Man kann jetzt schon vorhersehen, dass
sich bei der jetzigen Vorgehensweise der EU wahrscheinlich langfristig
überhaupt nichts ändern wird, dass es also wahrscheinlich bei dem
jetzigen Modus mit 2maliger Zeitumstellung pro Jahr bleiben wird. Dabei
wäre es so einfach: Es einfach bei der Zeit zu belassen, die wir jetzt
im Winter haben ( = Normalzeit, Standardzeit - fälschlicherweise
Winterzeit genannt) - und schon am 31.03.2019 keine Umstellung mehr
vorzunehmen. Man könnte ja dann im Sommer wo möglich die Arbeitszeiten 1
Stunde früher beginnen lassen - was der Sommerzeit entsprechen würde
(aber ohne Zeitumstellung).

Natürlich kann man Zeitzonen auch
ändern.

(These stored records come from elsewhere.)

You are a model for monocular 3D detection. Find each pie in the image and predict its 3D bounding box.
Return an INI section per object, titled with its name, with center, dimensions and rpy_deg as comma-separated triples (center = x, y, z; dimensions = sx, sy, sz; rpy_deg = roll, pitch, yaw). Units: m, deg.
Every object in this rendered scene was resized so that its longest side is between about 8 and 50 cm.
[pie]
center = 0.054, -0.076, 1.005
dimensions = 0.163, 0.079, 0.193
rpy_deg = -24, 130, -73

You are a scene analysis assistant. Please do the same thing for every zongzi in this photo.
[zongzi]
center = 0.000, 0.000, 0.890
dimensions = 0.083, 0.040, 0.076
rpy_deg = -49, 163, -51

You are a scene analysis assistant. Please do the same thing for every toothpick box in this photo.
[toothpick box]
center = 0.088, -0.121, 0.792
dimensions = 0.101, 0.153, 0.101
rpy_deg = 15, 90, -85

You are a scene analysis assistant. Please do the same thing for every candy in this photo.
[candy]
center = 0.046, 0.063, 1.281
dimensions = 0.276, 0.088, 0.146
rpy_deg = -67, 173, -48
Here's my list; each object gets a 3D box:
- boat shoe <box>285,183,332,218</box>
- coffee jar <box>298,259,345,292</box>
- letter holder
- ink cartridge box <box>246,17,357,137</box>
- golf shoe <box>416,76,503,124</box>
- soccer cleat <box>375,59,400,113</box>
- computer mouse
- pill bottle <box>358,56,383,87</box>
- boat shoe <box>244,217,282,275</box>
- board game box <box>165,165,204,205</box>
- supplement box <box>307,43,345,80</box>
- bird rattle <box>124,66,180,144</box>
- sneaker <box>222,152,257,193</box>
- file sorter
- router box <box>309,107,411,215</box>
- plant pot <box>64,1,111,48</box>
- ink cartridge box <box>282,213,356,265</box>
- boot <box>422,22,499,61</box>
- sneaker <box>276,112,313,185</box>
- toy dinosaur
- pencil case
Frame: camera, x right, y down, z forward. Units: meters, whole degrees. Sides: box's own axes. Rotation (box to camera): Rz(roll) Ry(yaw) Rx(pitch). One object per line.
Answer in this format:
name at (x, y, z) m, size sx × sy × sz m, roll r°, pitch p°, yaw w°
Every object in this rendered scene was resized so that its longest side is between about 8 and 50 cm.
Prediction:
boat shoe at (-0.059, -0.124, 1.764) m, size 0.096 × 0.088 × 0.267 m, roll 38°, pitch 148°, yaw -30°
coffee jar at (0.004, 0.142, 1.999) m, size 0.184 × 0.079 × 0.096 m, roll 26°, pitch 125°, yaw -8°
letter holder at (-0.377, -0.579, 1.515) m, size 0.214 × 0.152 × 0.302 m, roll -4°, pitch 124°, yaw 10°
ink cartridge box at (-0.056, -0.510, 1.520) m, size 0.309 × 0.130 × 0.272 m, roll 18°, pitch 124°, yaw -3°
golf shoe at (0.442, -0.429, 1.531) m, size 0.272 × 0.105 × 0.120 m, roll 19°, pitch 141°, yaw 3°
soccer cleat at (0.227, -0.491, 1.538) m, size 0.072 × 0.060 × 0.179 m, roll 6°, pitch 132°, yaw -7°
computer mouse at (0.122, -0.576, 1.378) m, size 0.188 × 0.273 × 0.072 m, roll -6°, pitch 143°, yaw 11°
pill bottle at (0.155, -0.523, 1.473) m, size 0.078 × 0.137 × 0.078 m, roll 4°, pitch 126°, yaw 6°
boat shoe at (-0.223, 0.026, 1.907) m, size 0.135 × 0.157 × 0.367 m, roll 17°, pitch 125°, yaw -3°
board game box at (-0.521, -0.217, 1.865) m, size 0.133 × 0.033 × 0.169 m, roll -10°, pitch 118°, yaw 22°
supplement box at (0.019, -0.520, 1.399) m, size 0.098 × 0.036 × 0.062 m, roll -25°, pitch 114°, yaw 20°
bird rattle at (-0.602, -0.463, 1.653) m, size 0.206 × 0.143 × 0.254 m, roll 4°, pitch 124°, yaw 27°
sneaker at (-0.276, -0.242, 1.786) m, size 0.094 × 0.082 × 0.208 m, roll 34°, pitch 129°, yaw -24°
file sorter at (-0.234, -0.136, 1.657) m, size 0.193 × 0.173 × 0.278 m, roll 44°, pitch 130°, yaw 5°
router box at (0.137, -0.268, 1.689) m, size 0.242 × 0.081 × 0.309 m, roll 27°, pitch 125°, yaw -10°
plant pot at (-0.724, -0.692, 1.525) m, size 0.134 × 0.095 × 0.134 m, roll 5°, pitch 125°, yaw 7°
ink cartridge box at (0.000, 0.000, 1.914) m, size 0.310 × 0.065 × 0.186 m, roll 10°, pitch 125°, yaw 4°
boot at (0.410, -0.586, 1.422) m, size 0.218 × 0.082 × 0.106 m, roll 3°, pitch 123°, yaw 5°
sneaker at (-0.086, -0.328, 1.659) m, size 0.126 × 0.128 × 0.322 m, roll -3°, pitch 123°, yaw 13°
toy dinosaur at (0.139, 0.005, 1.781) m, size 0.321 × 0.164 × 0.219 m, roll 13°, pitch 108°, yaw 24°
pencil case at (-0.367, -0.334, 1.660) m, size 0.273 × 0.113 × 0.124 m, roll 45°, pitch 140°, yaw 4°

So gehört Spanien eigentlich zur WEZ und Polen zur OEZ. Für uns
wäre jedoch die OEZ die falsche Zeit. Wer unbedingt die Sommerzeit haben
möchte, sollte sich halt mit der Zeitumstellung abfinden. Alles kann
man auch nicht haben. Ganzjährige Sommerzeit ist jedoch - wie schon
gesagt - Unfug. Maßgebliche Politiker - wie Herr Altmeier - fallen auch
noch darauf herein. Dabei sollte man wissen, dass einige Länder wie
Großbritannien (1971) und Rußland (2014) wieder die ganzjährige
Sommerzeit abgeschafft haben und zur ganzjährigen Normalzeit
übergegangen sind, nachdem sich herausstellte, dass sie vor allem im
Winter nur Nachteile bringt. Muss man denn den gleichen Fehler immer
wieder machen?

shivamichAntwort
(0)(0)

Ich finde es erschreckend, wie ignorant und abgestumpft doch viele sind...wenn es wenigstens
Sinn machen würde, aber es hat sich erwiesen, es macht keinen Sinn und für die, die es abends
gerne länger hell haben wollen, können doch einfach eine Stunde früher mit der Arbeit anfangen
und haben dann früher Feierabend. Das muss aber doch nicht für alle gelten!!!